The data engineering landscape will continue evolving — new warehouse capabilities, new transformation tools, new cost models. The architecture that serves you best is not the one that makes the theoretically optimal choice today, but the one that preserves flexibility to adapt as your understanding of the problem deepens and as the technology landscape shifts beneath you. Build for learning, not for permanence.
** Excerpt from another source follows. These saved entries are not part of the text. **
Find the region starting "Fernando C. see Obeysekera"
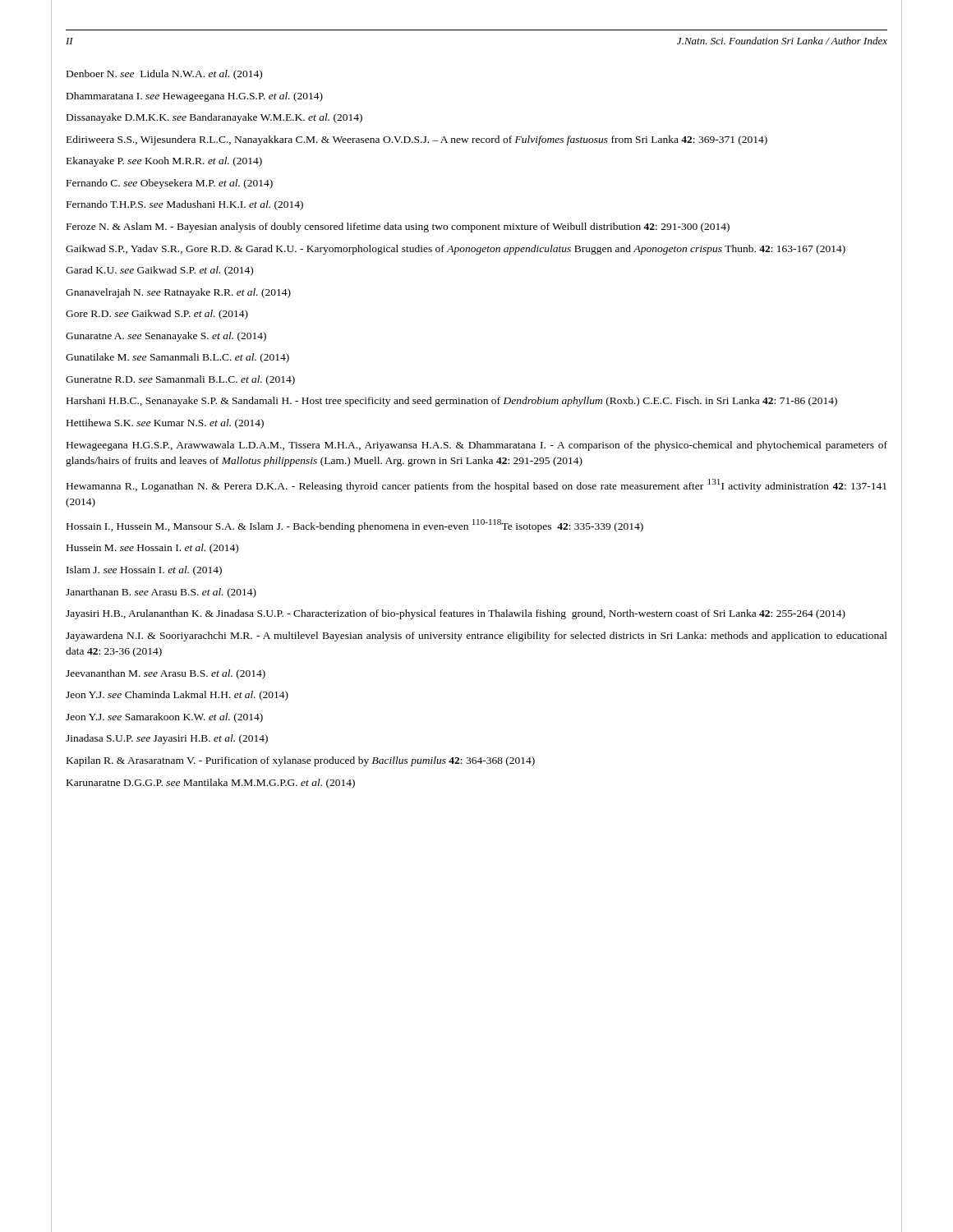Viewport: 953px width, 1232px height. tap(169, 183)
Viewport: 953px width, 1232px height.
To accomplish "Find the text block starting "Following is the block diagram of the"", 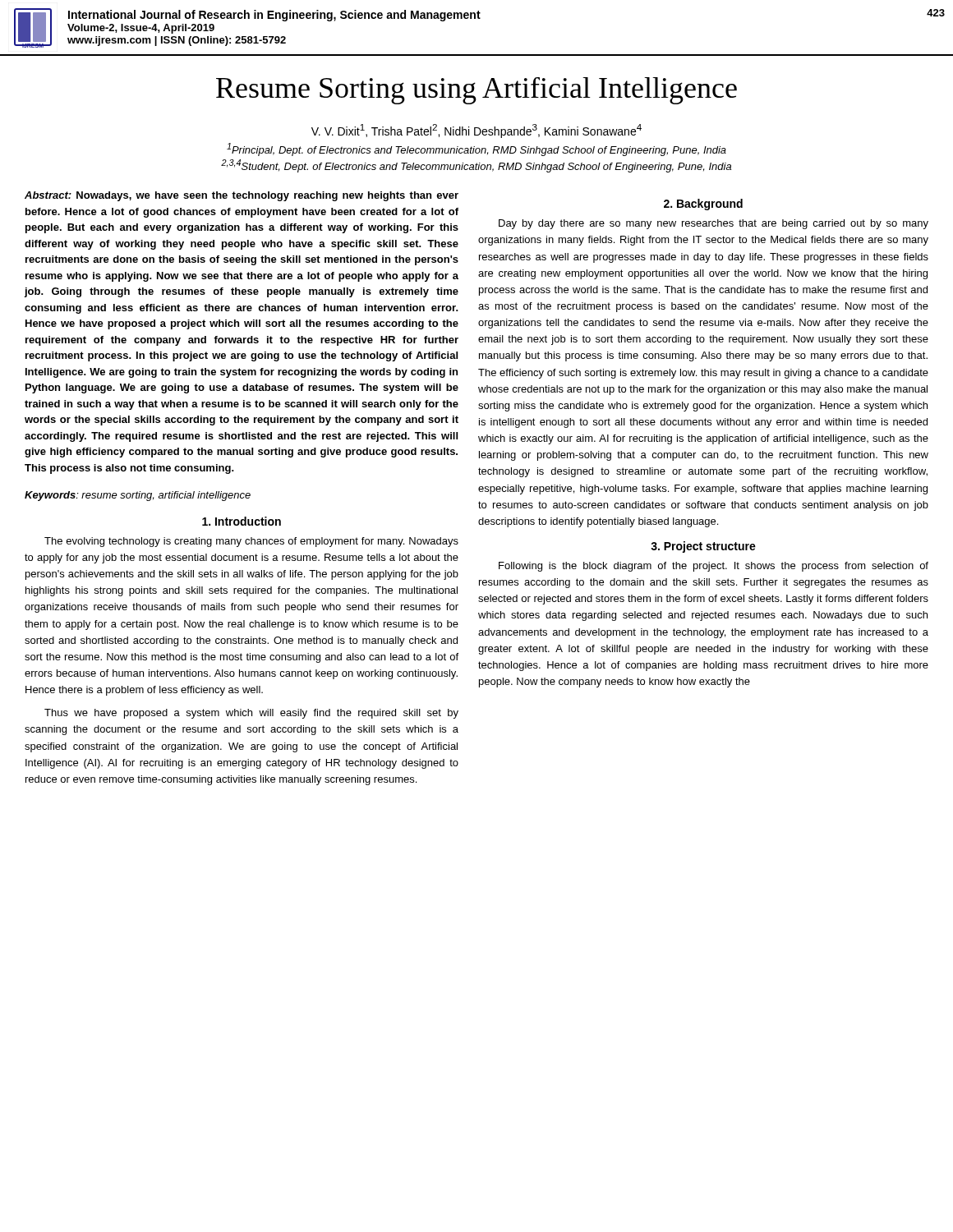I will click(x=703, y=624).
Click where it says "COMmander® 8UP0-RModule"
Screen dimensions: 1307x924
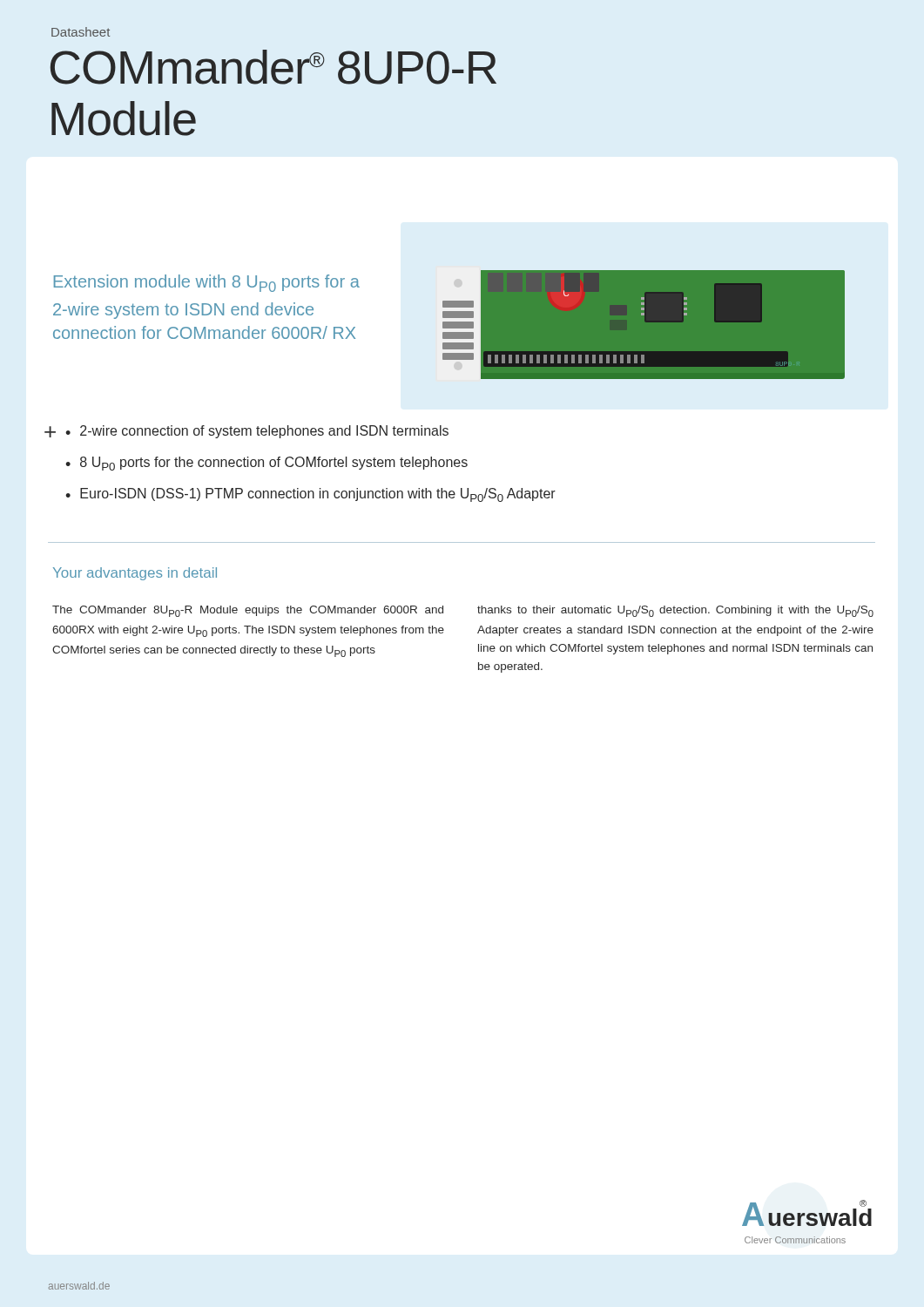(x=344, y=94)
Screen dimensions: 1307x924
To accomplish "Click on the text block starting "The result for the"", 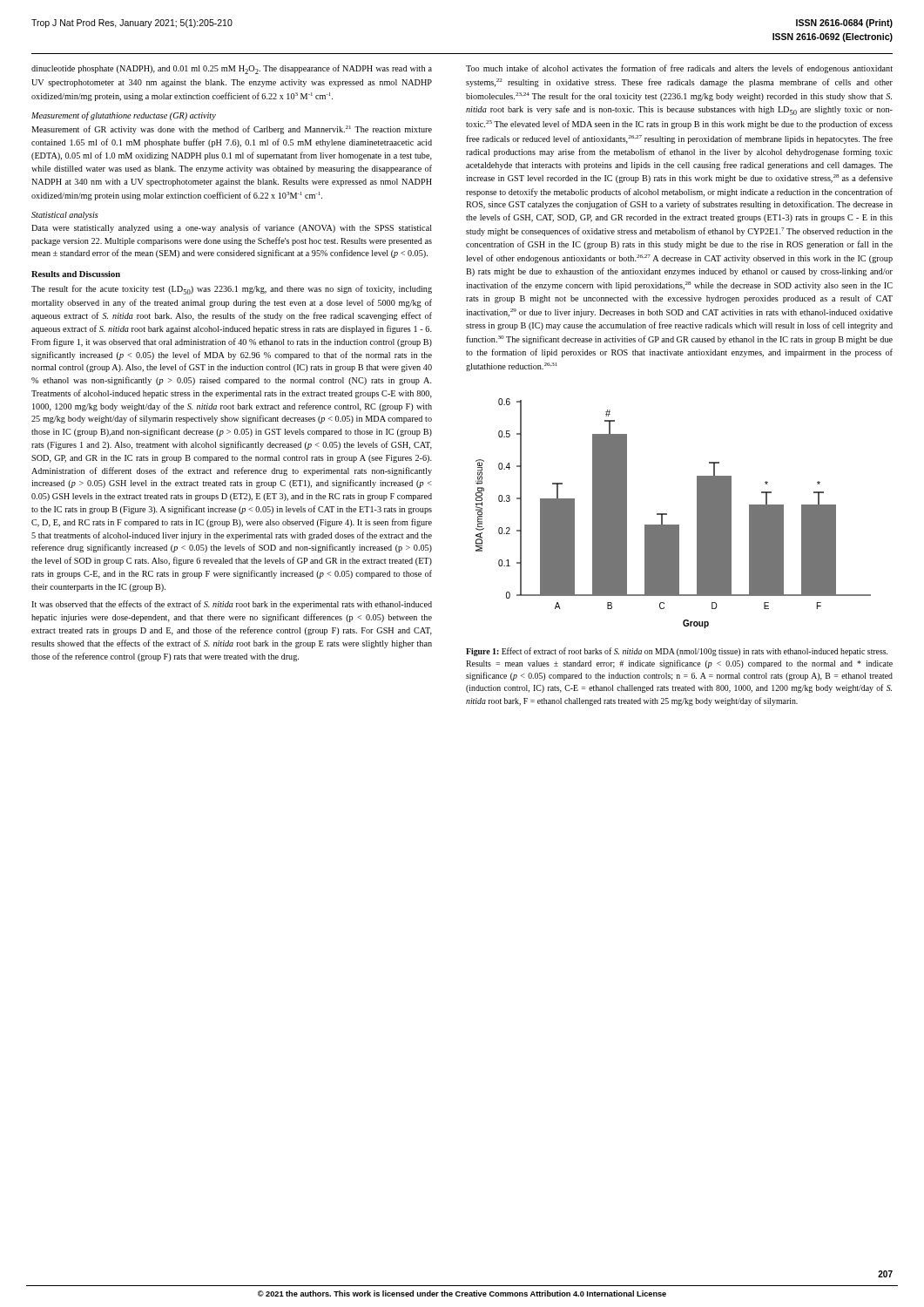I will pos(232,473).
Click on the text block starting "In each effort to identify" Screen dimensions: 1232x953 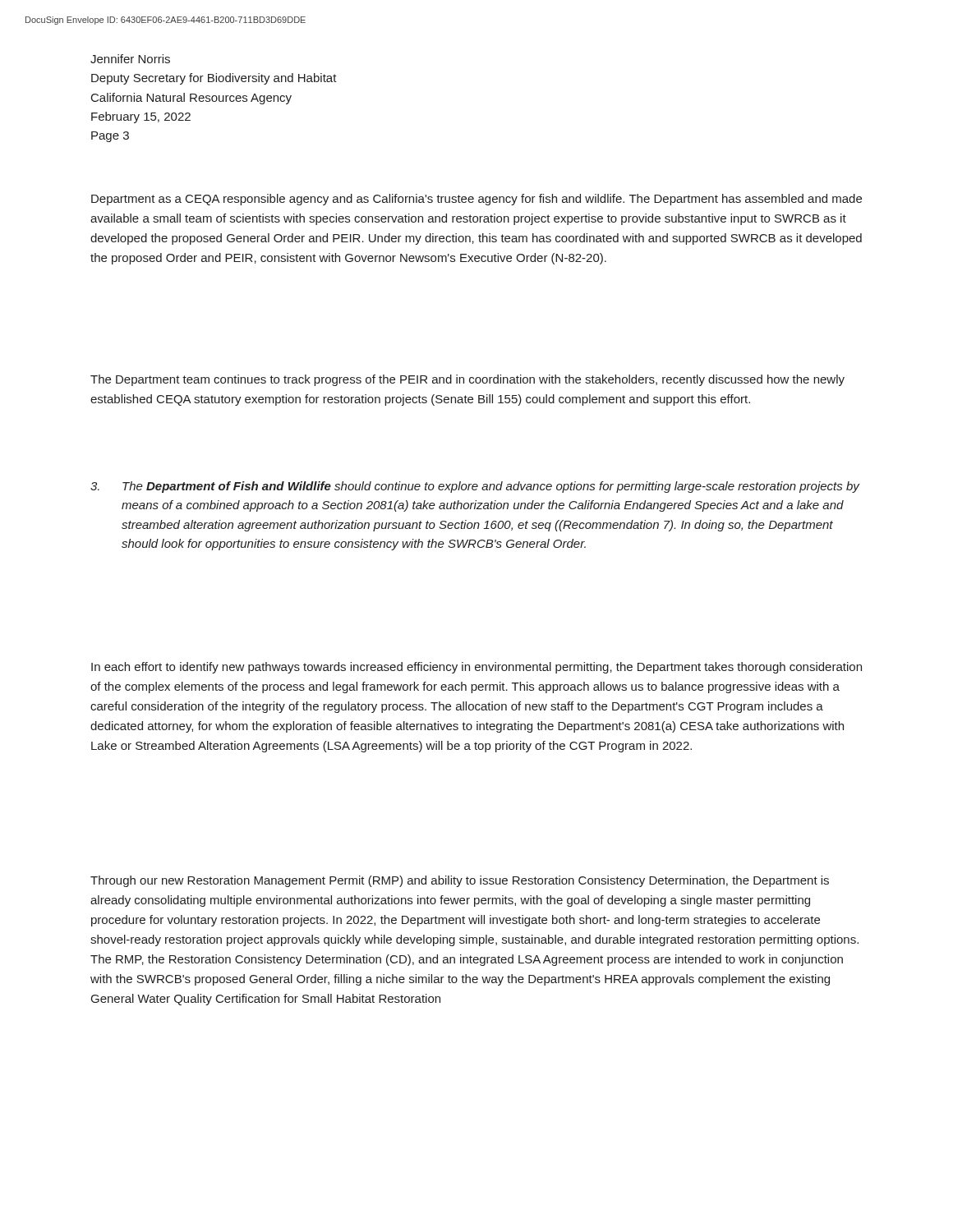(476, 706)
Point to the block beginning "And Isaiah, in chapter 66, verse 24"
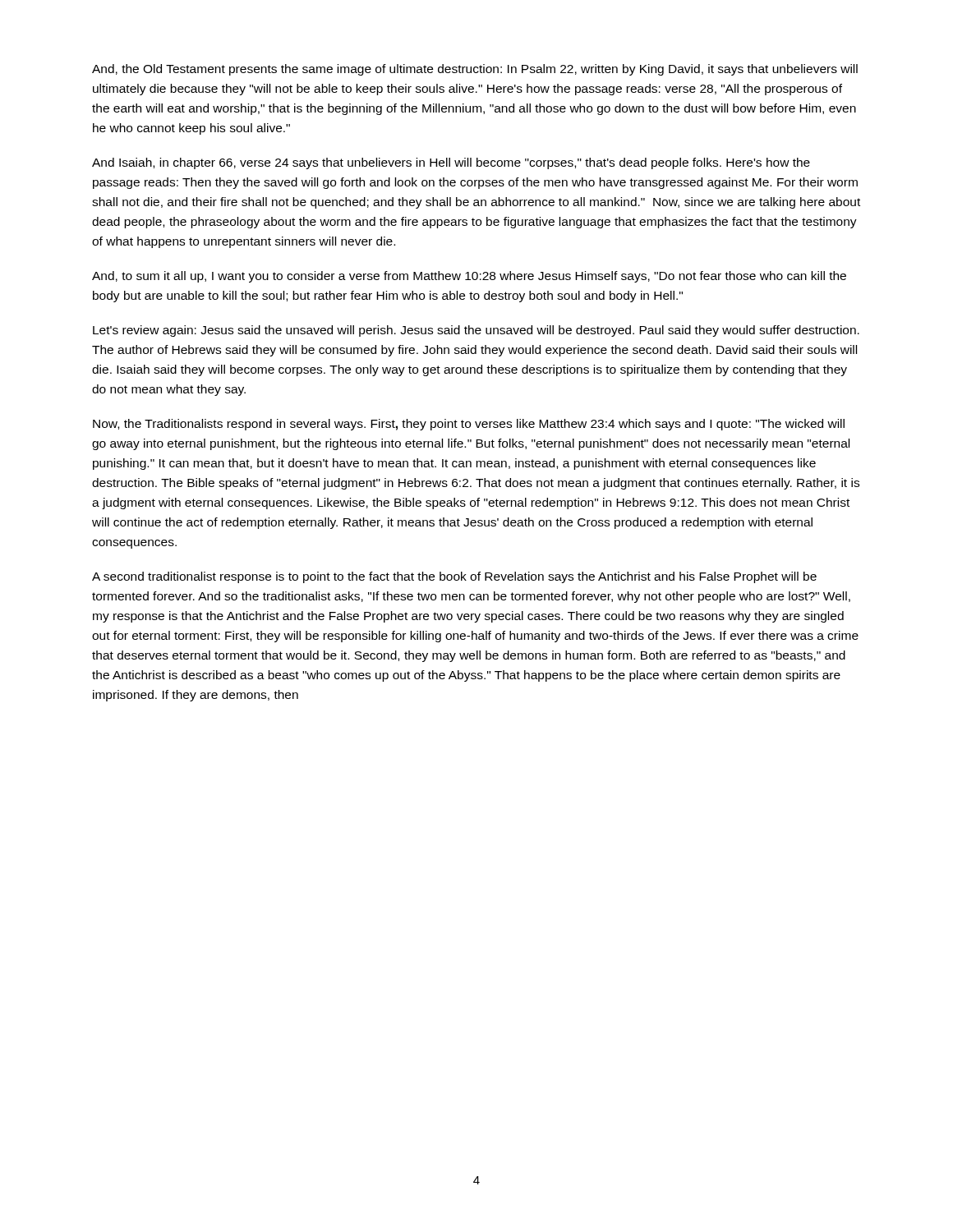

If you are starting a new data platform today with no legacy constraints, start with ELT. Set up Fivetran or Airbyte for extraction and loading, dbt for transformation, and your warehouse of choice (Snowflake for most teams, BigQuery if you are a Google Cloud shop, Redshift if you are deep in the AWS ecosystem). Load everything raw, transform in SQL, and add ETL components only for the specific data flows that genuinely require pre-load processing. This approach gets you to production fastest, gives your team the most flexibility, and keeps your architecture simple until you have enough production experience to know where complexity is actually needed.